The proposed model demonstrates that a 2-inch (50.8 mm) milling treatment has a minimal impact on mitigating transverse cracking in pavement. Research indicates that cracking can occur across various layers, including the asphalt layer, base, sub-base, and sub-grade. In the conducted experiment, it was observed that the ML = 1 (mill) surface treatment did not completely eliminate underlying cracks, which allowed for the propagation of transverse cracking into the asphalt concrete (AC) overlay.experiment, transverse cracking to propagate
Furthermore, the study examined the effects of using reclaimed asphalt concrete (RAP) in comparison to virgin asphalt concrete (AC) within a 2-inch thick overlay. After an 8-year service life, the crack length
in the overlay containing virgin AC was recorded at 44.4 meters, while the overlay with RAP exhibited a significantly longer crack length of 82.7 meters—approximately twice as extensive. This discrepancy is attributed to the higher viscosity of the aged asphalt binder found in RAP, which contributes to its reduced resistance to cracking when compared to virgin AC.
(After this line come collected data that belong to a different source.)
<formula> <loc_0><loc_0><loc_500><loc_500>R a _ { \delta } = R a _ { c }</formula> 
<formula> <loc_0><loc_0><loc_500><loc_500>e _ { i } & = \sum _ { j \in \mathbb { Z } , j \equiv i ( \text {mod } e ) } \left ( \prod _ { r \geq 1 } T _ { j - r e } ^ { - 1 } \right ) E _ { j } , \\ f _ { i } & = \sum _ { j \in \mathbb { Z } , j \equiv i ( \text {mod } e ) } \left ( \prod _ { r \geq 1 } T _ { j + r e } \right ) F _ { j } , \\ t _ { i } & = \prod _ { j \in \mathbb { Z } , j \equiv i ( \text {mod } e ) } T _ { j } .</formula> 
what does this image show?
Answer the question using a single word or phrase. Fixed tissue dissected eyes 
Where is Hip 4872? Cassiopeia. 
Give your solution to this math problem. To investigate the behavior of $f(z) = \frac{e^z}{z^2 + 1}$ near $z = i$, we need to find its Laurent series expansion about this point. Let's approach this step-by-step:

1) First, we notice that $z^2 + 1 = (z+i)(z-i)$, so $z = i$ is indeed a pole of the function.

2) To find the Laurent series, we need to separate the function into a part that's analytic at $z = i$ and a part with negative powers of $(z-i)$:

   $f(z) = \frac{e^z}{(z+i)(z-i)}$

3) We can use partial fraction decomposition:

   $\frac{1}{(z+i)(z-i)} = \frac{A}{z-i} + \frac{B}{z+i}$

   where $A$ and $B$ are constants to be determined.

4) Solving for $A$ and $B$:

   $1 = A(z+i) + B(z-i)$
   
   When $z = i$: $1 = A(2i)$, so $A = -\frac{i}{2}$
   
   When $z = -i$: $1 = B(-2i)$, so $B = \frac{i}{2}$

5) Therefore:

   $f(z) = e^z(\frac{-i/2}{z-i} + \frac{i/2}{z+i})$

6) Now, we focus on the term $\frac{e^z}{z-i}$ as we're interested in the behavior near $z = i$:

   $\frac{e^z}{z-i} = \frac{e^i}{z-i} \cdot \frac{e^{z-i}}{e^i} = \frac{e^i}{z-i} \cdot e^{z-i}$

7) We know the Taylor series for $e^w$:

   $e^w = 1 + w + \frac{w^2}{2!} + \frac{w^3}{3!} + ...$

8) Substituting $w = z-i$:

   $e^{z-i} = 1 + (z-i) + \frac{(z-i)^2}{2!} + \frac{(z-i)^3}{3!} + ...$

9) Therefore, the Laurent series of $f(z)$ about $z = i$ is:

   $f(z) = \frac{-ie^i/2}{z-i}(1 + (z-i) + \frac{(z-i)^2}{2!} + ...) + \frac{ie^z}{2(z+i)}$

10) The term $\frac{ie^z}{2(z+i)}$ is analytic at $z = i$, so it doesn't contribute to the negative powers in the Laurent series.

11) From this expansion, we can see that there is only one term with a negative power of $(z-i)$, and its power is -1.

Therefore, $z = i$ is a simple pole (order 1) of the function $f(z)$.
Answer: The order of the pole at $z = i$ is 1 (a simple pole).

It is important to note that the length of cracking in pavement exhibits an inverse relationship with overlay thickness. To mitigate the occurrence of significant cracks after 8 years, the required overlay thickness would need to be 2.9 inches for virgin asphalt concrete (AC) and 7.8 inches for reclaimed AC. The findings illustrate the relationships between crack length, time, thickness, and reclaimed asphalt pavement (RAP), indicating that virgin AC (RAP = 0) demonstrates superior resistance to cracking compared to reclaimed AC (RAP = 1).
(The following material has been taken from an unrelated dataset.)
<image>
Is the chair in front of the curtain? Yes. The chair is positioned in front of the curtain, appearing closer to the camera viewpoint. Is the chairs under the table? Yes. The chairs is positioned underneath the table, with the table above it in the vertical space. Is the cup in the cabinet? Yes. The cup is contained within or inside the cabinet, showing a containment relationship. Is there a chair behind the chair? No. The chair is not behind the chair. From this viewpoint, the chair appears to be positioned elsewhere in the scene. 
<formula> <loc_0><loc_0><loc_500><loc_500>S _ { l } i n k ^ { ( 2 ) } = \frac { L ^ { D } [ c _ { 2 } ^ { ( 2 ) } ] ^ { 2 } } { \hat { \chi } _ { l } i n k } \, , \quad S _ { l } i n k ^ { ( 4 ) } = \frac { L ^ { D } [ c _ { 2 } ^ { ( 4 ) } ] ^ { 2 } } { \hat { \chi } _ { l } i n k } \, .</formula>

The LMGOT can generate a self-organized formula structure and optimize coefficients without relying on preconceived formula frameworks. This characteristic is particularly advantageous when the formula structure of certain material behaviors is unknown. Given that many material behaviors lack established formula structures, the LMGOT may present a more effective alternative to traditional non-linear regression methods in modeling these behaviors. Consequently, the LMGOT can assist researchers in developing a concise and physically meaningful formula.
Reference
Hsie, M., Ho, Y. F., Lin, C. T., & Yeh, I. C. (2012). Modeling asphalt pavement overlay transverse cracks using the genetic operation tree and Levenberg–Marquardt Method. Expert Systems with Applications, 39(5), 4874-4881.